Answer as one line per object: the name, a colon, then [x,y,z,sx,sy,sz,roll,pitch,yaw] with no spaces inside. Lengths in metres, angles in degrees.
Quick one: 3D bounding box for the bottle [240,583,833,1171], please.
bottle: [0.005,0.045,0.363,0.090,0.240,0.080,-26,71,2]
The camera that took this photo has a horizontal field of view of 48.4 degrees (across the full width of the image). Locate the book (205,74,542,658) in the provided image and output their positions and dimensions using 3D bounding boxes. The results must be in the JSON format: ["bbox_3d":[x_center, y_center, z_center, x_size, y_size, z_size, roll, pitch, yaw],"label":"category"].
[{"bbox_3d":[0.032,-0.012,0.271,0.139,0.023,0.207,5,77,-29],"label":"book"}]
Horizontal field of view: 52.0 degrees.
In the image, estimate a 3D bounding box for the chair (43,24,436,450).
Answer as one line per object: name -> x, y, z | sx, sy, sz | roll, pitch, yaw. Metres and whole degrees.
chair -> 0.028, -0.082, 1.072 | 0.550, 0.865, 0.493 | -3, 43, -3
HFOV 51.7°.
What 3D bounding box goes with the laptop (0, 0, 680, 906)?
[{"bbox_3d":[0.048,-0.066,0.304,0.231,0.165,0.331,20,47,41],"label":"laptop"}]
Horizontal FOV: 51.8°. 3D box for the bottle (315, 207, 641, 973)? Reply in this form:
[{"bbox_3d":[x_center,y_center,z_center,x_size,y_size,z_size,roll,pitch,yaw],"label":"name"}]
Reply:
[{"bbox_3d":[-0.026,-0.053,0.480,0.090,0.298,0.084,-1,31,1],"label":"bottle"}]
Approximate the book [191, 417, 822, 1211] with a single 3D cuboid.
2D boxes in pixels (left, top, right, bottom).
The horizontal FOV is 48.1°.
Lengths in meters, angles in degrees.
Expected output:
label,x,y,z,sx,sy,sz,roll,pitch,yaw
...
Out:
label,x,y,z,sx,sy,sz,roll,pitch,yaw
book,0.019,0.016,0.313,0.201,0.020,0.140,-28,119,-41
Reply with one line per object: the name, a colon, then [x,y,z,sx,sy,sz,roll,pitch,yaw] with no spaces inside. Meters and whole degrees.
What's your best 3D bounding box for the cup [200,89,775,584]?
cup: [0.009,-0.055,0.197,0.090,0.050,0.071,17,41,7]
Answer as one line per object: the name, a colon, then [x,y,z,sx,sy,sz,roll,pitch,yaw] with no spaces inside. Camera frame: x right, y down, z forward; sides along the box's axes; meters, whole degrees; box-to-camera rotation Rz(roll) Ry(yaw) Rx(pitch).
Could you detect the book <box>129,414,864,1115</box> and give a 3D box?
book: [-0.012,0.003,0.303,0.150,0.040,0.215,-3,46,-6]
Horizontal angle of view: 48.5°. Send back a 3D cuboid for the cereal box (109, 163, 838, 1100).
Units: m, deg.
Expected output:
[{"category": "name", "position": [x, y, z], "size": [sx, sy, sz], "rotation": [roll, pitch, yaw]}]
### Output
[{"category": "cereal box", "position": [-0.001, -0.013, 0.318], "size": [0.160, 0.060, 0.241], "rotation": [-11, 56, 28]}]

————

### [Exercise]
Among the entries above, the lines between the ones containing "2D boxes in" and "Reply with one", inclusive, are to be transcribed exactly. No other line is to be given.

### [Reply]
2D boxes in pixels (left, top, right, bottom).
The horizontal FOV is 48.1°.
Lengths in meters, angles in degrees.
Expected output:
label,x,y,z,sx,sy,sz,roll,pitch,yaw
...
Out:
label,x,y,z,sx,sy,sz,roll,pitch,yaw
book,0.019,0.016,0.313,0.201,0.020,0.140,-28,119,-41
Reply with one line per object: the name, a colon, then [x,y,z,sx,sy,sz,roll,pitch,yaw] with no spaces inside. Meters and whole degrees.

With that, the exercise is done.